The problem: Return the data below exactly, stopping after the line with "#8 person [893,421,929,591]".

Stored records:
^^^^^^^^^^^^^^^^

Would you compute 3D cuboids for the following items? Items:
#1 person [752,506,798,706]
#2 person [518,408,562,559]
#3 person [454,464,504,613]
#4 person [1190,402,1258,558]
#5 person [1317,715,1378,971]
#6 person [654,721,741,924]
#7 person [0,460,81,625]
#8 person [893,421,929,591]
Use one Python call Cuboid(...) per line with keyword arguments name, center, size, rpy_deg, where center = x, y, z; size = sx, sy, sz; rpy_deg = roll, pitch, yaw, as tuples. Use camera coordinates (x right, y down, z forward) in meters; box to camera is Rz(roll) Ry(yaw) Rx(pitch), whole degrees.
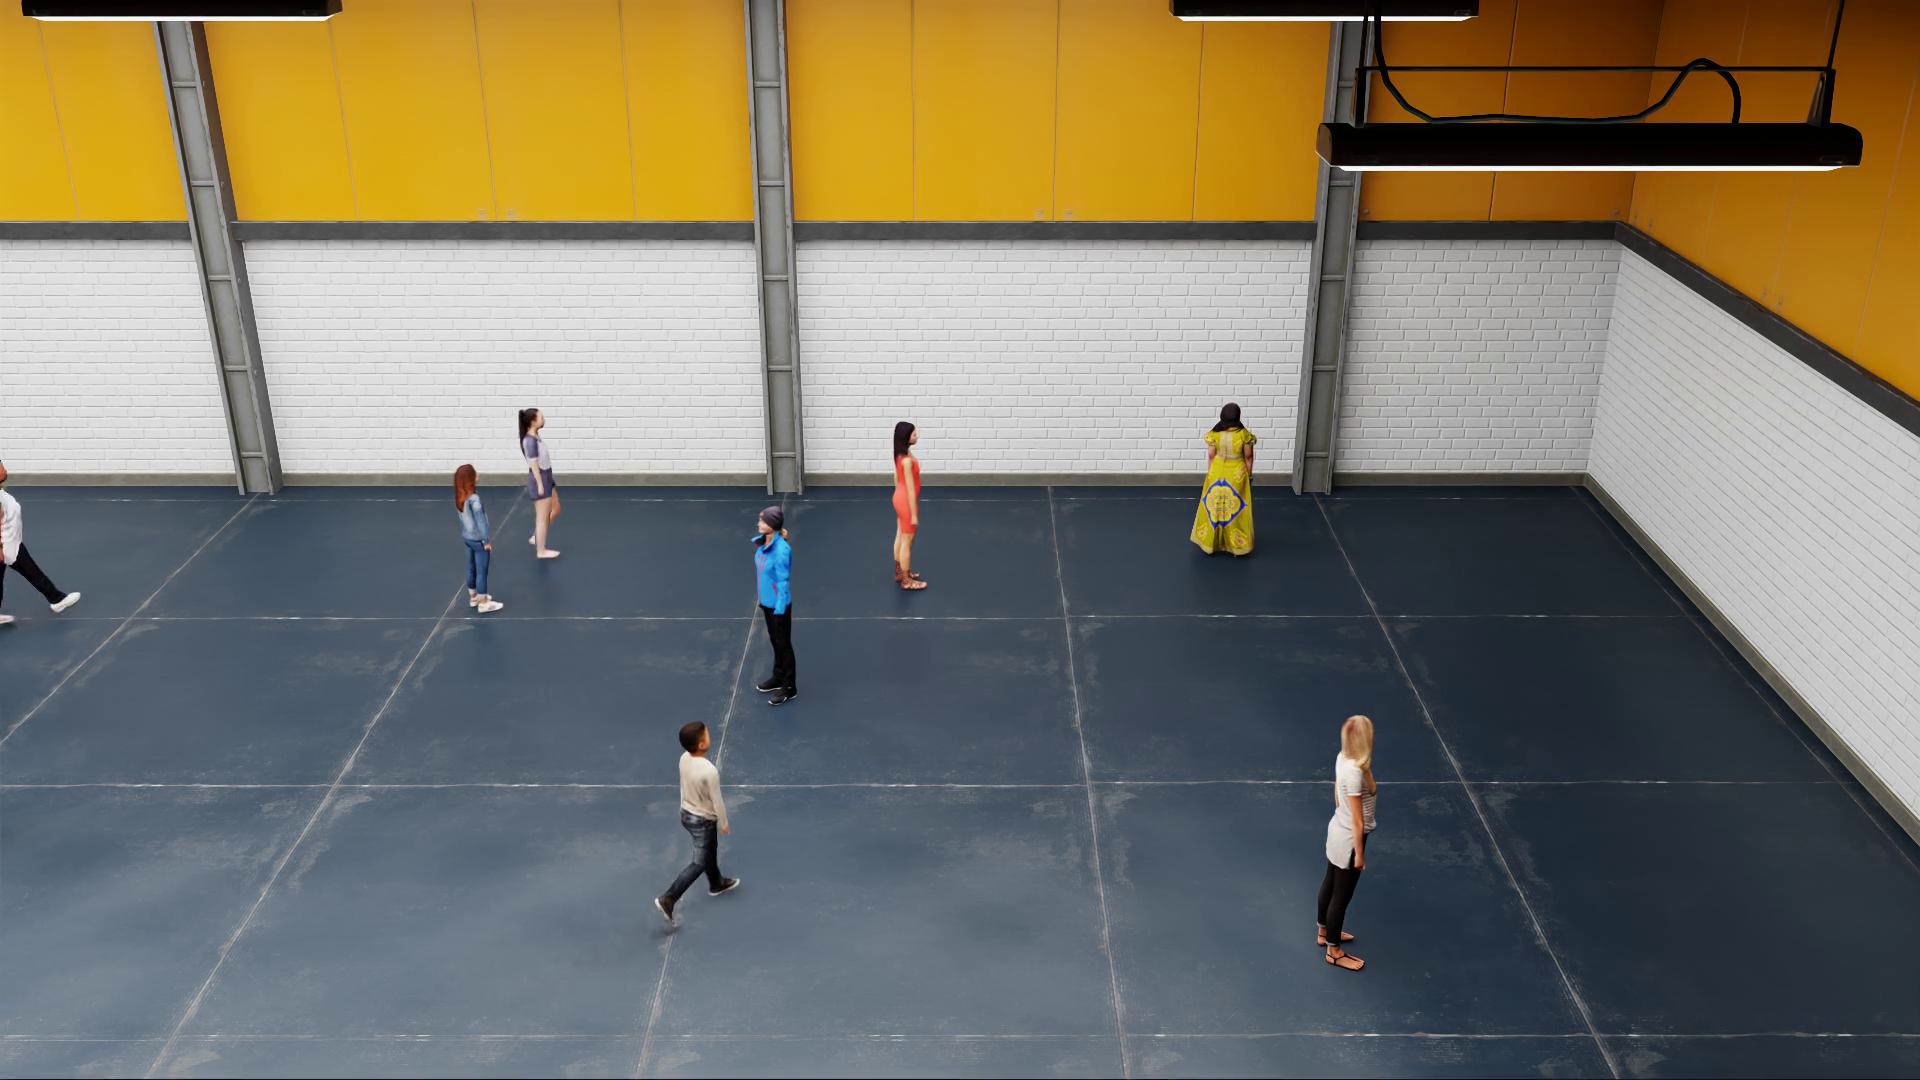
Cuboid(name="person", center=(-1.567, 0.542, 14.210), size=(0.676, 1.795, 0.690), rpy_deg=(-12, 26, -25))
Cuboid(name="person", center=(-4.365, -0.568, 16.945), size=(0.632, 1.639, 0.657), rpy_deg=(-4, 24, -9))
Cuboid(name="person", center=(-4.644, -0.028, 15.913), size=(0.684, 1.475, 0.638), rpy_deg=(-19, 30, -37))
Cuboid(name="person", center=(2.753, -0.627, 17.053), size=(0.839, 1.660, 1.004), rpy_deg=(7, 25, 15))
Cuboid(name="person", center=(2.534, 1.960, 10.926), size=(0.517, 1.827, 0.593), rpy_deg=(-1, 24, -1))
Cuboid(name="person", center=(-1.848, 1.953, 11.430), size=(1.018, 1.437, 0.940), rpy_deg=(-21, 31, -39))
Cuboid(name="person", center=(-8.997, 0.050, 15.523), size=(1.169, 1.645, 1.092), rpy_deg=(-20, 31, -39))
Cuboid(name="person", center=(-0.527, -0.347, 16.341), size=(0.606, 1.718, 0.636), rpy_deg=(-7, 25, -15))

^^^^^^^^^^^^^^^^

Response to the task:
Would you compute 3D cuboids for the following items? Items:
#1 person [752,506,798,706]
#2 person [518,408,562,559]
#3 person [454,464,504,613]
#4 person [1190,402,1258,558]
#5 person [1317,715,1378,971]
#6 person [654,721,741,924]
#7 person [0,460,81,625]
#8 person [893,421,929,591]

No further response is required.